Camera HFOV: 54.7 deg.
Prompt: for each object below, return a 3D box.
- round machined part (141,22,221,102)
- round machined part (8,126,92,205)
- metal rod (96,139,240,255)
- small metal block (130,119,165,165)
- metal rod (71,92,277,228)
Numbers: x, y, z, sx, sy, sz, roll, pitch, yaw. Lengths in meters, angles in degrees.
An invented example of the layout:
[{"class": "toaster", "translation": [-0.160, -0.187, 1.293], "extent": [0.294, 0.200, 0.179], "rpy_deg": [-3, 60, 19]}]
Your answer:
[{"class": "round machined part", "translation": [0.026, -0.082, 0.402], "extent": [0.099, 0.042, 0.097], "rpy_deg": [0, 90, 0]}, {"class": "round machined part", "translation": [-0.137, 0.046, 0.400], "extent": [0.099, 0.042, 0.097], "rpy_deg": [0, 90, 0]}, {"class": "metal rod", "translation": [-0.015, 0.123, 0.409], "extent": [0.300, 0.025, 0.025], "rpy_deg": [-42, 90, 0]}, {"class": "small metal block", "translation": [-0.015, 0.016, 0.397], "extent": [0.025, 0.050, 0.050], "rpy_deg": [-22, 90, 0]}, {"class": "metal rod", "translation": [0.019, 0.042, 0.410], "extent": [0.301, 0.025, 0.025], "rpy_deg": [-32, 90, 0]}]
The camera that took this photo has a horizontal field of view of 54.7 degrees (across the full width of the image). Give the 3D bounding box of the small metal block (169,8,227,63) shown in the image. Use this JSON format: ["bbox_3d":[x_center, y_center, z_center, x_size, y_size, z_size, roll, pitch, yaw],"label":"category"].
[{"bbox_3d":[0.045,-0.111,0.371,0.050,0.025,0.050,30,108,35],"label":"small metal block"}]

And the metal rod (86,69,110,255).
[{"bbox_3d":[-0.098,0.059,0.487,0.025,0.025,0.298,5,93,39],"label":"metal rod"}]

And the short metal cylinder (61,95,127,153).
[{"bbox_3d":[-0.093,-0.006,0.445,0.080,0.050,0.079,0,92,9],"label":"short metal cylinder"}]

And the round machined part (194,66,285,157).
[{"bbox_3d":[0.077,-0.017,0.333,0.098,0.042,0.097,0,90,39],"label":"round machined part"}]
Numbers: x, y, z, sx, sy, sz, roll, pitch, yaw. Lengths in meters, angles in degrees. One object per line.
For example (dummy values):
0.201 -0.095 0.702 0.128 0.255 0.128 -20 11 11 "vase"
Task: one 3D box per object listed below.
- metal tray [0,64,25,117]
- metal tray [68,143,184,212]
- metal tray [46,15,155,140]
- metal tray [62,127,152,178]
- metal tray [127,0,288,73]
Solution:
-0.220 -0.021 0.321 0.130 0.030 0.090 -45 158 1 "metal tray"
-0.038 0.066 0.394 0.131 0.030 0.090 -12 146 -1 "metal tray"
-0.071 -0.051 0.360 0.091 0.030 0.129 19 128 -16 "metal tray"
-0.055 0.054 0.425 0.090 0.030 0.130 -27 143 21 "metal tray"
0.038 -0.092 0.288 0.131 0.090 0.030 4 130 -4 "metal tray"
━━━
* _TASK OBJECTIVE_:
Nothing should be left out when the listing is retyped exactly.

* _RESPONSE_:
Camera HFOV: 54.7 deg.
Prompt: for each object below, return a 3D box.
- round machined part (141,22,221,102)
- round machined part (8,126,92,205)
- metal rod (96,139,240,255)
- small metal block (130,119,165,165)
- metal rod (71,92,277,228)
Numbers: x, y, z, sx, sy, sz, roll, pitch, yaw. Lengths in meters, angles in degrees.
An invented example of the layout:
[{"class": "toaster", "translation": [-0.160, -0.187, 1.293], "extent": [0.294, 0.200, 0.179], "rpy_deg": [-3, 60, 19]}]
Your answer:
[{"class": "round machined part", "translation": [0.026, -0.082, 0.402], "extent": [0.099, 0.042, 0.097], "rpy_deg": [0, 90, 0]}, {"class": "round machined part", "translation": [-0.137, 0.046, 0.400], "extent": [0.099, 0.042, 0.097], "rpy_deg": [0, 90, 0]}, {"class": "metal rod", "translation": [-0.015, 0.123, 0.409], "extent": [0.300, 0.025, 0.025], "rpy_deg": [-42, 90, 0]}, {"class": "small metal block", "translation": [-0.015, 0.016, 0.397], "extent": [0.025, 0.050, 0.050], "rpy_deg": [-22, 90, 0]}, {"class": "metal rod", "translation": [0.019, 0.042, 0.410], "extent": [0.301, 0.025, 0.025], "rpy_deg": [-32, 90, 0]}]
The camera that took this photo has a horizontal field of view of 54.7 degrees (across the full width of the image). Give the 3D bounding box of the small metal block (169,8,227,63) shown in the image. Use this JSON format: ["bbox_3d":[x_center, y_center, z_center, x_size, y_size, z_size, roll, pitch, yaw],"label":"category"].
[{"bbox_3d":[0.045,-0.111,0.371,0.050,0.025,0.050,30,108,35],"label":"small metal block"}]

And the metal rod (86,69,110,255).
[{"bbox_3d":[-0.098,0.059,0.487,0.025,0.025,0.298,5,93,39],"label":"metal rod"}]

And the short metal cylinder (61,95,127,153).
[{"bbox_3d":[-0.093,-0.006,0.445,0.080,0.050,0.079,0,92,9],"label":"short metal cylinder"}]

And the round machined part (194,66,285,157).
[{"bbox_3d":[0.077,-0.017,0.333,0.098,0.042,0.097,0,90,39],"label":"round machined part"}]
Numbers: x, y, z, sx, sy, sz, roll, pitch, yaw. Lengths in meters, angles in degrees. One object per line.
For example (dummy values):
0.201 -0.095 0.702 0.128 0.255 0.128 -20 11 11 "vase"
Task: one 3D box per object listed below.
- metal tray [0,64,25,117]
- metal tray [68,143,184,212]
- metal tray [46,15,155,140]
- metal tray [62,127,152,178]
- metal tray [127,0,288,73]
Solution:
-0.220 -0.021 0.321 0.130 0.030 0.090 -45 158 1 "metal tray"
-0.038 0.066 0.394 0.131 0.030 0.090 -12 146 -1 "metal tray"
-0.071 -0.051 0.360 0.091 0.030 0.129 19 128 -16 "metal tray"
-0.055 0.054 0.425 0.090 0.030 0.130 -27 143 21 "metal tray"
0.038 -0.092 0.288 0.131 0.090 0.030 4 130 -4 "metal tray"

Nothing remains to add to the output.